In [40]:
import pandas as pd

# read in

In [41]:
df = pd.read_csv('../../2_Feature_Engineering/export/combined_polly_bretschneider_iwg.csv')
df.head()

Unnamed: 0,raw_text,severity,binary_label
0,ist ekelhaft bei ihren Klos kannst du nur mit...,0.0,False
1,Bevor Sie mit Jud...,1.0,True
2,Und de Amis freut es wenn die Heuschrecken Eur...,0.0,False
3,": Die Krim ist ein heißer Tip, auch zum In...",1.0,True
4,: Es muss in #Deutschland eine politische Kra...,1.0,True


# clean

In [42]:
import sys
sys.path.insert(0, r'..\..\0_common')
from model_helpers import clean_all as ci

In [43]:
df['cleaned_text'] = df['raw_text'].apply(ci)
df.head()

Unnamed: 0,raw_text,severity,binary_label,cleaned_text
0,ist ekelhaft bei ihren Klos kannst du nur mit...,0.0,False,ekelhaft klos kannst gummistiefel gehen stinkt...
1,Bevor Sie mit Jud...,1.0,True,bevor judenstern markiert worden juden ganze ...
2,Und de Amis freut es wenn die Heuschrecken Eur...,0.0,False,de amis freut heuschrecken europa klein wirtsc...
3,": Die Krim ist ein heißer Tip, auch zum In...",1.0,True,krim heißer tip investieren muß bürger landes...
4,: Es muss in #Deutschland eine politische Kra...,1.0,True,deutschland politische kraft geben sozial sch...


In [44]:
df.shape

(9169, 4)

# vectorize

In [45]:
from sklearn.feature_extraction.text import CountVectorizer

In [46]:
vec = CountVectorizer(ngram_range=(3,5), analyzer='char_wb', max_features=100000)

In [47]:
X_features = vec.fit_transform(df['cleaned_text'])

In [48]:
X_features.shape

(9169, 74355)

# initialize model

In [49]:
from sklearn.ensemble import RandomForestClassifier
clf = RandomForestClassifier(n_jobs=-1, n_estimators=200)

# Cross validation

In [50]:
from sklearn.model_selection import cross_validate
scores = cross_validate(clf, X_features, df['binary_label'], cv=5,
                        scoring=('f1', 'roc_auc', 'precision', 'recall'),
                        return_train_score=True)

In [51]:
sorted(scores.keys())

['fit_time',
 'score_time',
 'test_f1',
 'test_precision',
 'test_recall',
 'test_roc_auc',
 'train_f1',
 'train_precision',
 'train_recall',
 'train_roc_auc']

In [52]:
scores_df = pd.DataFrame(scores)
scores_df

Unnamed: 0,fit_time,score_time,test_f1,train_f1,test_roc_auc,train_roc_auc,test_precision,train_precision,test_recall,train_recall
0,11.690349,1.323895,0.908146,1.0,0.971496,1.0,0.906574,1.0,0.909722,1.0
1,11.9251,1.302445,0.928612,1.0,0.978066,1.0,0.916573,1.0,0.940972,1.0
2,11.712773,1.318674,0.915332,1.0,0.973986,1.0,0.904977,1.0,0.925926,1.0
3,11.818397,1.312382,0.936,1.0,0.982119,1.0,0.924379,1.0,0.947917,1.0
4,11.718653,1.314856,0.927355,1.0,0.980811,1.0,0.908788,1.0,0.946698,1.0


In [53]:
# metrics
scores_df[['test_f1', 'test_roc_auc', 'test_precision', 'test_recall']].mean()
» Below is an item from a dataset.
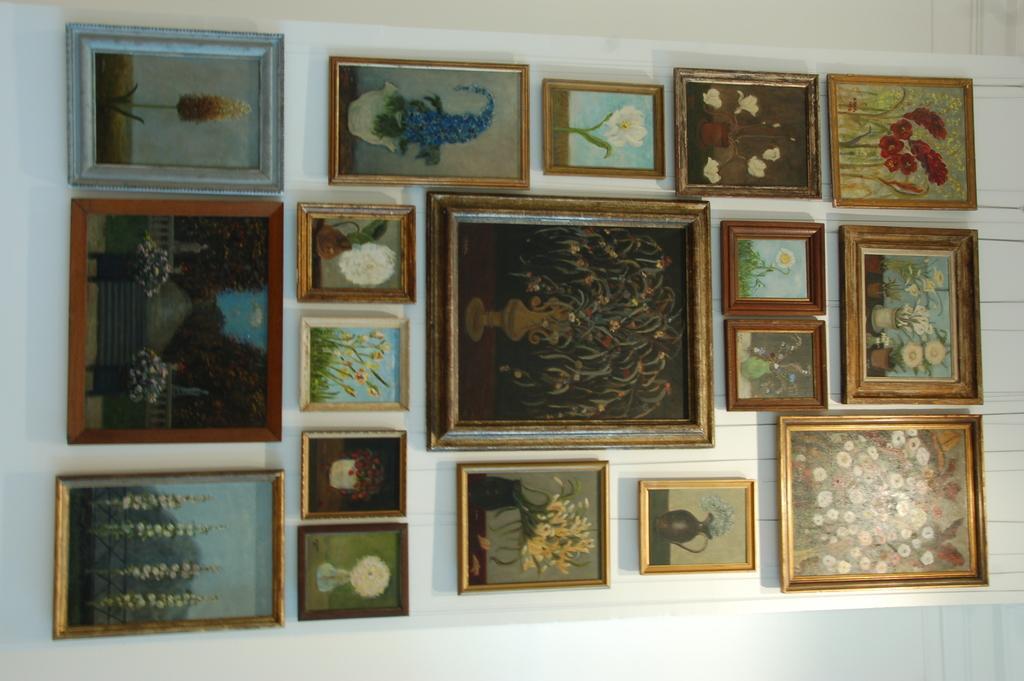Describe this image in one or two sentences. In this image we can see photo frames to the wall.

test_f1           0.923089
test_roc_auc      0.977296
test_precision    0.912258
test_recall       0.934247
dtype: float64

---> Random Forest with char n-grams seems to be the best, over all in case of recall

# finally train and export

In [55]:
# split
from sklearn.model_selection import train_test_split
X_train, X_test, y_train, y_test = train_test_split(X_features, df['binary_label'], test_size=0.2, shuffle=True, stratify=df['binary_label'])

In [56]:
# train
clf = RandomForestClassifier(n_jobs=-1, n_estimators=200)
clf.fit(X_train, y_train)

RandomForestClassifier(bootstrap=True, class_weight=None, criterion='gini',
            max_depth=None, max_features='auto', max_leaf_nodes=None,
            min_impurity_decrease=0.0, min_impurity_split=None,
            min_samples_leaf=1, min_samples_split=2,
            min_weight_fraction_leaf=0.0, n_estimators=200, n_jobs=-1,
            oob_score=False, random_state=None, verbose=0,
            warm_start=False)

In [58]:
# metrics
from sklearn.metrics import precision_recall_fscore_support as score
from sklearn.metrics import confusion_matrix

y_pred = clf.predict(X_test)

matrix = confusion_matrix(y_test, y_pred)
precision, recall, fscore, support = score(y_test, y_pred, pos_label=True, average='binary')

In [59]:
# show metrics
print('Recall: {} / Fscore: {} / Precision: {}'.format(round(recall, 3), 
                                                             round(fscore, 3),
                                                             round(precision, 3)))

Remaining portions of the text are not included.